In this chapter we will discuss in depth the results that have emerged in recent work on the covering test in first-order logic (Giordana and Saitta, 2000; Maloberti and Sebag, 2004); this was introduced in Section 5.2.3, with particular emphasis on the DATALOG language. With this language, the covering test for a hypothesis ϕ(x1, …, xn) reduces to the problem of finding a substitution θ, for the variables x1, …, xn, by a set of constants a1, …, an that satisfies the formula ϕ.

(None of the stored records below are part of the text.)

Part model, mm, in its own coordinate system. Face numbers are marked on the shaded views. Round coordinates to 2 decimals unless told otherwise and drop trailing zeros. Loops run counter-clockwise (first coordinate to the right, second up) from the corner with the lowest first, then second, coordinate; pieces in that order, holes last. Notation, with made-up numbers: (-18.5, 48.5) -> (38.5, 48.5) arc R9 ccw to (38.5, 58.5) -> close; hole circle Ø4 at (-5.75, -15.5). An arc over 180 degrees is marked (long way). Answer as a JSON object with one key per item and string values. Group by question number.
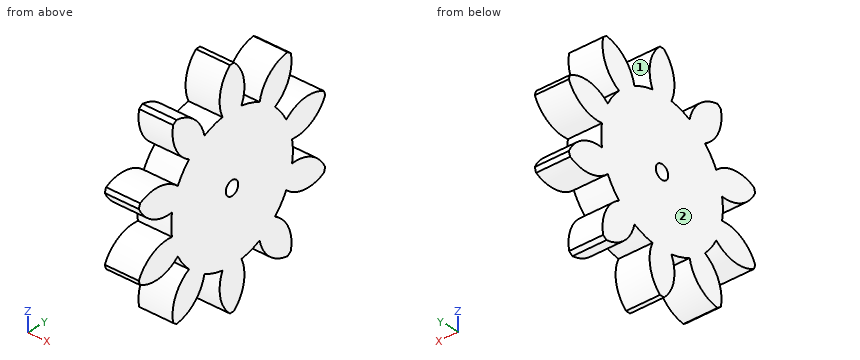
from build123d import *

# Parameters (mm, degrees)
BASPROSKE_W           = 12
BASPROSKE_H           = 39
TOOTHCUT_DEPTH        = 57.444663167
TEETHCUTS_COUNT       = 10
TEETHCUTS_ANGLE       = 324
BORSKE_R              = 1.5
BORE_DEPTH            = 50.0000508
CROQUIS1_R            = 2.5
CORTAR_EXTRUIR1_DEPTH = 56.31066802


with BuildPart() as part:
    # BasProSke → Base-Revolve (revolve)
    with BuildSketch(Plane(origin=(0, 0, 0), x_dir=(1, 0, 0), z_dir=(0, 1, 0)), mode=Mode.PRIVATE) as base_revolve_sk:
        with Locations((6, 19.5)):
            Rectangle(BASPROSKE_W, BASPROSKE_H)
    revolve(base_revolve_sk.sketch.rotate(Axis((-10, 0, 0), (1, 0, 0)), 180), axis=Axis((-10, 0, 0), (1, 0, 0)))

    # TooCutSke → ToothCut (cut, through all)
    with BuildSketch(Plane(origin=(0, 0, 0), x_dir=(0, 0, -1), z_dir=(1, 0, 0))):
        with BuildLine():
            ThreePointArc((3.815775932, 24.073465269), (0, 24.374), (-3.815775932, 24.073465269))
            ThreePointArc((-3.815775932, 24.073465269), (-5.403120307, 31.925375456), (-11.292153099, 37.355978418))
            ThreePointArc((-11.292153099, 37.355978418), (0, 39.0254), (11.292153099, 37.355978418))
            ThreePointArc((11.292153099, 37.355978418), (5.403120307, 31.925375456), (3.815775932, 24.073465269))
        make_face()
    toothcut = extrude(amount=TOOTHCUT_DEPTH, mode=Mode.SUBTRACT)

    # TeethCuts: ToothCut ×10 about axis
    teethcuts_axis = Axis((-10, 0, 0), (1, 0, 0))
    for i in range(1, TEETHCUTS_COUNT):
        add(toothcut.rotate(teethcuts_axis, i * TEETHCUTS_ANGLE / (TEETHCUTS_COUNT - 1)), mode=Mode.SUBTRACT)

    # BorSke → Bore (cut, symmetric)
    with BuildSketch(Plane(origin=(0, 0, 0), x_dir=(0, 0, -1), z_dir=(1, 0, 0))):
        with Locations(Location((0, 0, 0), (0, 0, 180))):
            Circle(BORSKE_R)
    extrude(amount=BORE_DEPTH, both=True, mode=Mode.SUBTRACT)

    # Croquis1 → Cortar-Extruir1 (cut, through all)
    with BuildSketch(Plane.YZ.offset(12)):
        with Locations(Location((0, 0, 0), (0, 0, 270))):
            Circle(CROQUIS1_R)
    extrude(amount=-CORTAR_EXTRUIR1_DEPTH, mode=Mode.SUBTRACT)


solid = part.part
Item 1: Band-saw the part on A-A, the plane z = 0. List the corners of the cut face in (x, y).
Item 2: Band-saw the part on D-D, the plane y = -7.5. List the corners of the cut face in (x, z), plus the area to 3 significant figures.
Item 3: Two-plate mould, pull along Z, no slides. Class the marked faces 1 and 2: pulls with the +Z half, pulls with the -Z half, needs draft (parallel to the pull), parting line crosses it, or undercut.
Item 4: Drill centre lines: line 1 (Y direction, x = 7.25, z = 0); line 2 (Y direction, x = 2.5, z = -28.5); line 3 (Z direction, x = 4.75, y = 21.5). Where is each one in solid material? Low to high.
Item 5: Drop flat-ended pins along their axis: pin 1 Ø4.5 at (y, z) = (0, 0) entering from -X; pin 2 Ø3 at (x, z) = (2.5, -28) entering from +Y; pin 3 Ø5 at (x, y) = (7.5, 1.5) entering from -Z; pin 4 Ø3 at (x, y) = (2.5, -25.5) entering from -Z. Give the stop position or say it passes through.
Item 6: Band-saw the part on B-B, the plane z = 29. List the corners of the cut face in (x, y), plus the area to 3 significant figures.
Item 7: Band-saw the part on C-C, the plane y = 19.5. List the corners of the cut face in (x, z), plus the area to 3 significant figures.
Entries:
{
 "1": {"outline": "(0, -24.37) -> (12, -24.37) -> (12, -2.5) -> (0, -2.5) -> close; (0, 2.5) -> (12, 2.5) -> (12, 24.37) -> (0, 24.37) -> close"},
 "2": {"outline": "(0, -23.19) -> (12, -23.19) -> (12, 23.19) -> (0, 23.19) -> close", "area": "557 mm²"},
 "3": {"face 1": "undercut", "face 2": "needs draft"},
 "4": {"line 1": "-24.37 to -2.5, 2.5 to 24.37", "line 2": "-23.83 to -14.8, -4.95 to 4.95, 14.8 to 23.83", "line 3": "-31.92 to -21.12, -11.48 to 11.48, 21.12 to 31.92"},
 "5": {"pin 1": "through", "pin 2": "y = 23.83", "pin 3": "z = -39", "pin 4": "z = -14"},
 "6": {"outline": "(0, -23.83) -> (12, -23.83) -> (12, -15.35) -> (0, -15.35) -> close; (0, -4.97) -> (12, -4.97) -> (12, 4.97) -> (0, 4.97) -> close; (0, 15.35) -> (12, 15.35) -> (12, 23.83) -> (0, 23.83) -> close", "area": "323 mm²"},
 "7": {"outline": "(0, -31.39) -> (12, -31.39) -> (12, -18.86) -> (0, -18.86) -> close; (0, -14.62) -> (12, -14.62) -> (12, 14.62) -> (0, 14.62) -> close; (0, 18.86) -> (12, 18.86) -> (12, 31.39) -> (0, 31.39) -> close", "area": "652 mm²"}
}

Moreover, in Section 8.3 we showed how a covering test, i.e., the matching problem (ϕ, e), can be transformed into a CSP. As a consequence, a phase transition may be expected in the covering test, according to results obtained by several authors (Smith and Dyer, 1996; Prosser, 1996). As discussed in Chapter 4, studies on CSPs have exploited a variety of generative models designed to randomly sample areas of interest in the CSP space. As the CSPs occurring in practice may have hundreds or thousands of variables and constraints, the investigations were oriented toward large problems; also, there was much interest in the asymptotic behavior of CSPs for large n.
Machine learning deals with small CSP problems
In machine learning, even though the equivalence of the matching problem with a CSP suggests the emergence of a phase transition, the range of problem sizes involved is much smaller, as the typical number of variables and constraints in relational learning is rarely greater than 10.